Every May Bank Holiday weekend, the village fills up for the Connemara Mussel Festival - bands in the pubs, cooking demonstrations in the hall, mussels by the bucketful pulled from the cold bays of the peninsula. It is the kind of event that explains how a village this small keeps going. Tully Cross is affiliated with Renvyle GAA, with the women's club Gráinne Mhaols (named for Grace O'Malley, the sixteenth-century pirate queen whose strongholds lie just up the coast), and with West Coast United FC. The thatched cottages, originally built in the 1970s to revive the local craft of thatching, now welcome visitors who come for the quiet and stay for the light off the water.
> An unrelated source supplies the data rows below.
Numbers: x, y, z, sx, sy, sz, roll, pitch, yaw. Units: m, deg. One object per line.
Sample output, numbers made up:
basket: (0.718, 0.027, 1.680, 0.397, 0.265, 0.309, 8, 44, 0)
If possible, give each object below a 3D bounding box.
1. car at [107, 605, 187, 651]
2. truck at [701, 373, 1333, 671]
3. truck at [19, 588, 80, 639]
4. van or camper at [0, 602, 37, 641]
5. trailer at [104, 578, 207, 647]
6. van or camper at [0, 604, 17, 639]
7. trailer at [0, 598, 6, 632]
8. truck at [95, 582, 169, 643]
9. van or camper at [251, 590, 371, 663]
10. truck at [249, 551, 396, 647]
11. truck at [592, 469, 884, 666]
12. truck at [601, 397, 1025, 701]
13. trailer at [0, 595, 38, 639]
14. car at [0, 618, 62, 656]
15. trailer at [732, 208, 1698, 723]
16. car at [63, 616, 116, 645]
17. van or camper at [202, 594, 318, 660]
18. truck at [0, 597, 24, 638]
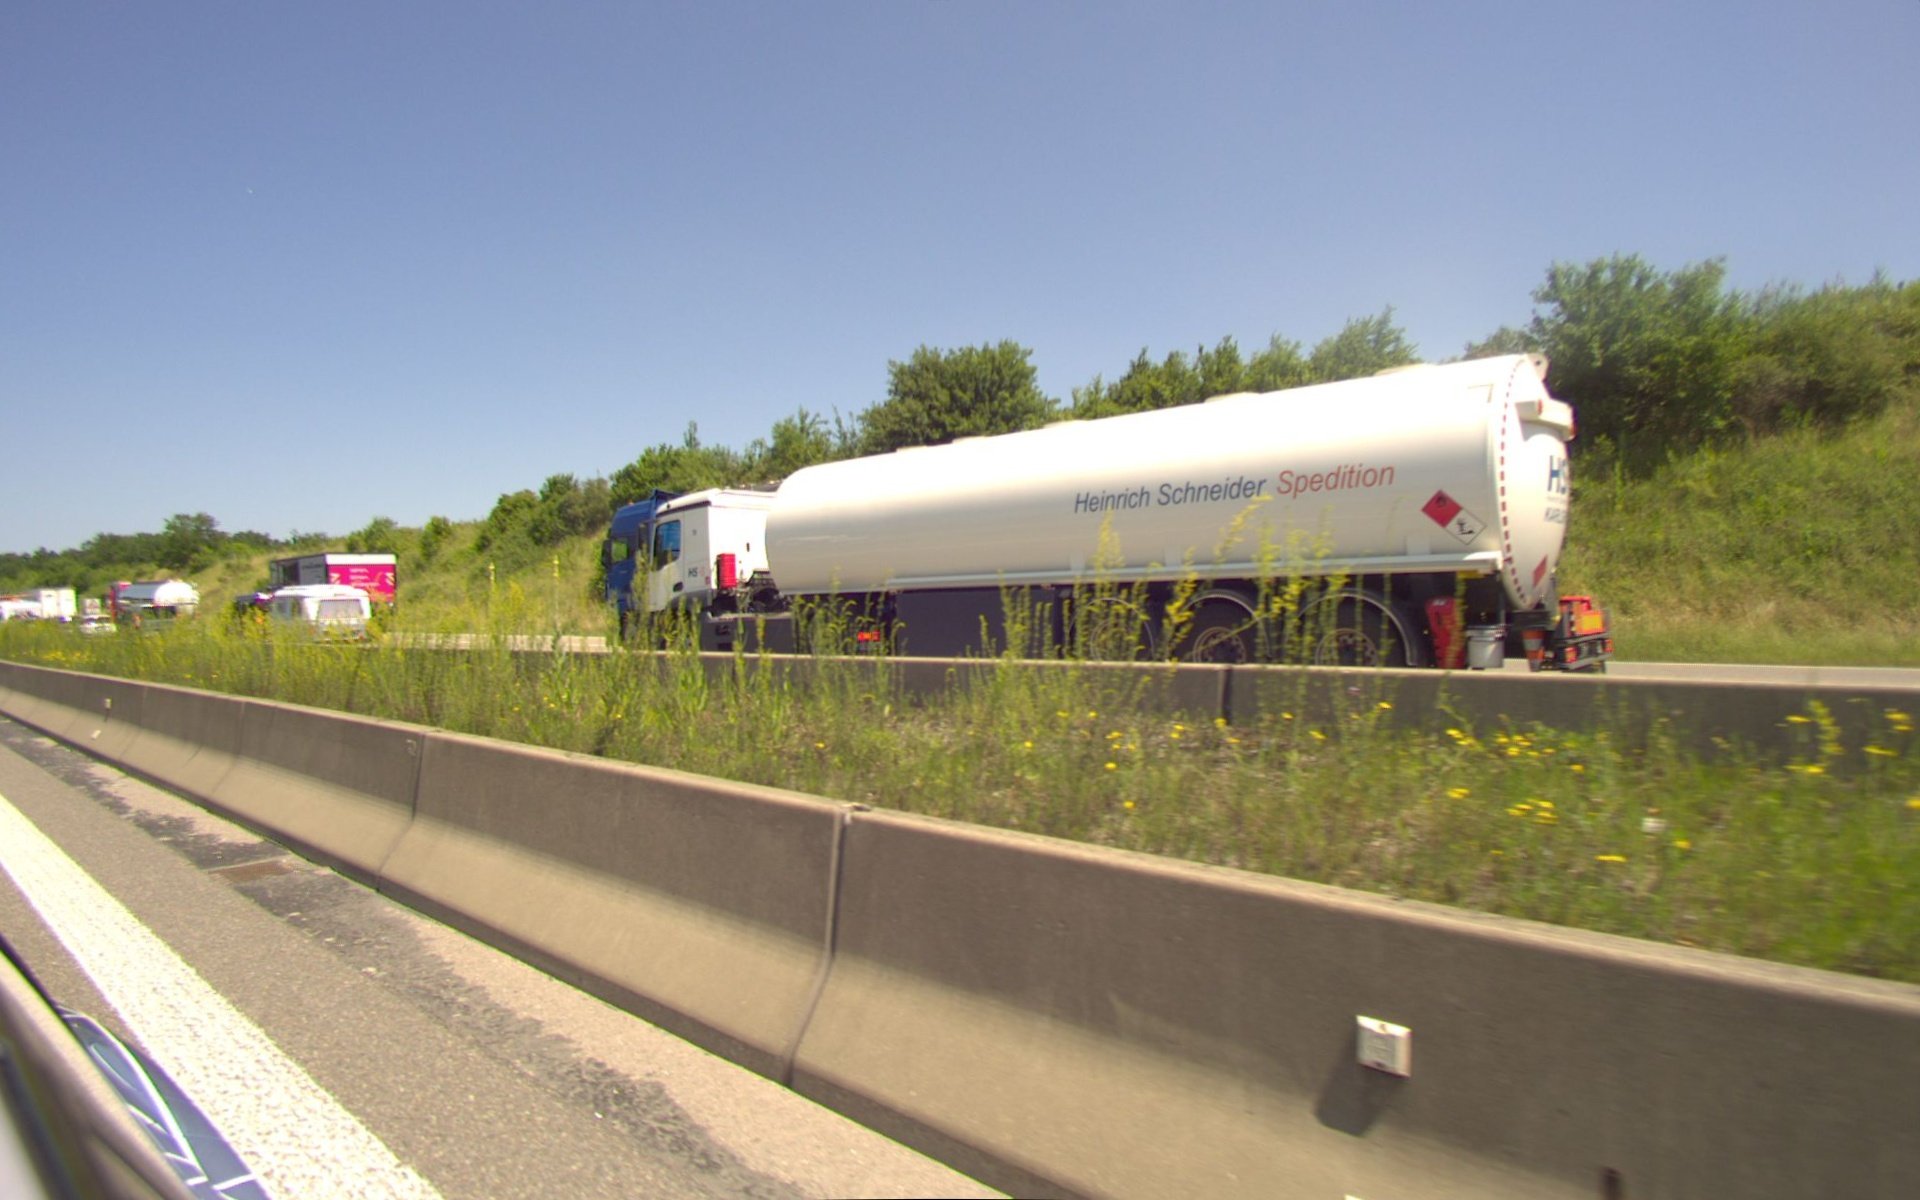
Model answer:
car: (-38.068, 1.272, 47.316, 5.092, 1.972, 2.003, -1, 1, 41)
truck: (0.209, -0.944, 19.473, 12.573, 4.124, 3.541, -2, -1, 41)
truck: (-84.883, 1.261, 94.214, 12.415, 4.357, 2.495, -1, 2, 41)
van or camper: (-77.015, 1.748, 82.027, 8.130, 2.958, 2.518, -1, 1, 43)
trailer: (-51.794, 0.811, 64.964, 12.265, 3.979, 2.653, -1, 2, 40)
van or camper: (-85.458, 1.918, 89.392, 7.827, 2.958, 2.518, -1, 1, 43)
trailer: (-120.193, 1.962, 124.453, 12.244, 4.063, 2.752, -1, 2, 41)
truck: (-56.633, 0.835, 69.163, 6.029, 3.851, 2.755, -1, 2, 41)
van or camper: (-21.048, 0.817, 32.735, 4.715, 2.169, 1.973, -1, 0, 41)
truck: (-27.479, -0.013, 43.357, 9.933, 3.702, 2.518, -1, 1, 41)
truck: (-5.476, -0.723, 24.445, 6.640, 4.066, 3.455, -1, 3, 41)
truck: (-2.695, -0.629, 16.464, 7.399, 3.919, 2.591, -1, 0, 41)
trailer: (-101.249, 1.850, 108.013, 11.992, 4.342, 2.586, -1, 2, 41)
car: (-43.238, 1.667, 46.954, 4.852, 1.595, 1.736, -1, 1, 41)
trailer: (1.834, -0.880, 12.582, 11.637, 3.980, 2.652, -2, -2, 40)
car: (-50.824, 1.763, 59.053, 4.187, 1.561, 1.736, -1, 1, 41)
van or camper: (-25.160, 0.949, 36.287, 5.951, 2.169, 1.973, -1, 0, 41)
truck: (-106.570, 1.928, 112.531, 7.287, 4.357, 2.564, -1, 2, 40)

Renvyle and the Atlantic Edge

The Renvyle Peninsula reaches west into the Atlantic between Killary Harbour and Cleggan, an arm of land sheltered on one side by the Twelve Bens and exposed on the other to whatever the ocean sends. Boats from Cleggan still ferry visitors to Inishbofin; on clear days the islands of Inishturk and Caher rise on the northern horizon, the same waters Grace O'Malley patrolled four hundred years ago. Tully itself, the slightly larger sister village, lies less than a mile to the west, and the two settlements share schools, services, and the long Atlantic light that makes this corner of Connemara feel further from Dublin than the map suggests.

From the Air

Tully Cross is located at 53.589°N, 9.964°W on the Renvyle Peninsula in north-west Connemara. Best viewed from 2,000-4,000 feet AGL, with Tully Bay to the south and the Twelve Bens visible inland. Nearest aerodrome is Connemara Regional Airport at Inverin (EICA), about 35 nm to the south. Ireland West Airport Knock (EIKN) lies roughly 50 nm to the northeast. Coastal weather is changeable; low cloud often hugs the peninsula from the Atlantic.